The reason that I write to you about this is that I really think that you (and other center-left commentators) are missing a very important point here, namely that Vinson both in his striking down the mandate and declaring that the provision cannot be severed, is acting well within controlling precedent. This decision would be radical in its impact but it is not a radical decision. Were the Court to rule against the entire healthcare law here, it would be objectively on much firmer precedential and textual ground than it was in Bush v. Gore (or for that matter Roe v. Wade, Buckley v. Valeo, Brown v. Board, etc.). We need to wake up to this reality and start dealing with it accordingly. In fact, we were aware of this early in the process and could have structured the requirement to make it pass constitutional muster (designing it as a tax rather than a penalty which we have attempted to do ex post to no avail).

So we’ll see what happens. But the moment is coming that I have been dreading ever since my first correspondence with a friend (a Democrat who is a lawyer and former law review editor) who said when he first heard of this proposal in Hillary’s healthcare plan … “well, that’s unconstitutional on its face.”
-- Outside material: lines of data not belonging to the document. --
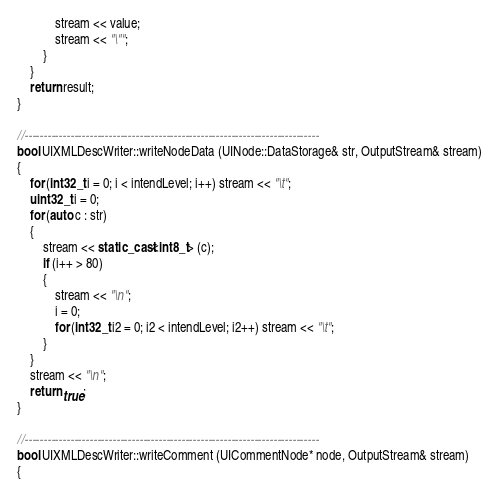<code> <loc_0><loc_0><loc_500><loc_500><_C++_>			stream << value;
			stream << "\"";
		}
	}
	return result;
}

//-----------------------------------------------------------------------------
bool UIXMLDescWriter::writeNodeData (UINode::DataStorage& str, OutputStream& stream)
{
	for (int32_t i = 0; i < intendLevel; i++) stream << "\t";
	uint32_t i = 0;
	for (auto c : str)
	{
		stream << static_cast<int8_t> (c);
		if (i++ > 80)
		{
			stream << "\n";
			i = 0;
			for (int32_t i2 = 0; i2 < intendLevel; i2++) stream << "\t";
		}
	}
	stream << "\n";
	return true;
}

//-----------------------------------------------------------------------------
bool UIXMLDescWriter::writeComment (UICommentNode* node, OutputStream& stream)
{</code> 
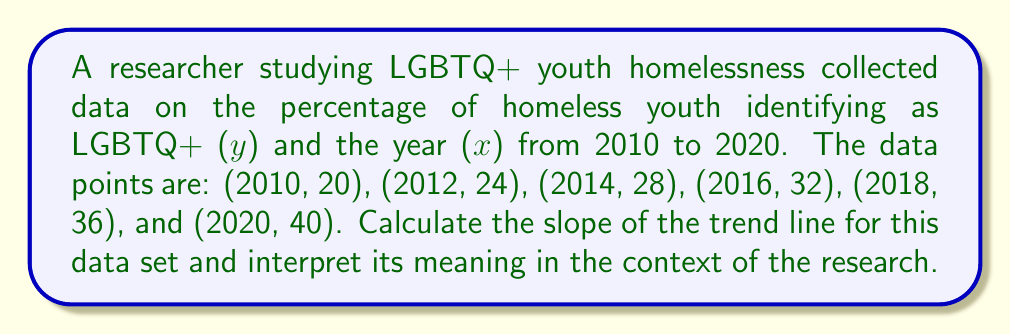Give your solution to this math problem. To calculate the slope of the trend line, we'll use the formula for the slope of a linear regression line:

$$m = \frac{n\sum xy - \sum x \sum y}{n\sum x^2 - (\sum x)^2}$$

Where:
$n$ is the number of data points
$x$ represents the years
$y$ represents the percentage of homeless youth identifying as LGBTQ+

Step 1: Calculate the necessary sums:
$n = 6$
$\sum x = 2010 + 2012 + 2014 + 2016 + 2018 + 2020 = 12090$
$\sum y = 20 + 24 + 28 + 32 + 36 + 40 = 180$
$\sum xy = (2010 \cdot 20) + (2012 \cdot 24) + (2014 \cdot 28) + (2016 \cdot 32) + (2018 \cdot 36) + (2020 \cdot 40) = 363240$
$\sum x^2 = 2010^2 + 2012^2 + 2014^2 + 2016^2 + 2018^2 + 2020^2 = 24361890$

Step 2: Substitute these values into the slope formula:

$$m = \frac{6(363240) - (12090)(180)}{6(24361890) - (12090)^2}$$

Step 3: Simplify:

$$m = \frac{2179440 - 2176200}{146171340 - 146168100} = \frac{3240}{3240} = 1$$

Step 4: Interpret the result:
The slope of 1 indicates that for each year increase, the percentage of homeless youth identifying as LGBTQ+ increases by 1 percentage point. This suggests a steady annual increase in the proportion of LGBTQ+ youth among the homeless youth population over the studied period.
Answer: 1 percentage point increase per year

Obviously I take a dimmer view of Vinson’s decision: I just don’t see how it jibes at all with current Supreme Court precedent. But if my reader is right, the Supreme Court itself might end up disagreeing with me.

I’m not sure what that would mean. My guess is that they won’t throw out the entire law regardless; only the individual mandate will get overturned. If that’s the case, then Republicans will be in a sticky situation. Democrats will pretty obviously be unwilling to repeal the rest of the law, but the health insurance industry will go bananas if everything else stays intact but the individual mandate goes away. They’d argue, with some justice, that this would essentially destroy them, and they’d demand that Republicans join with Democrats to do something about it. That would be hard pressure for Republicans to resist.

This is all still a couple of years away, since it still has to go through the appellate courts and I assume the earliest the Supreme Court could take it up would be in its 2012-13 session, with a decision handed down sometime in 2013. So we have plenty of time to think about it.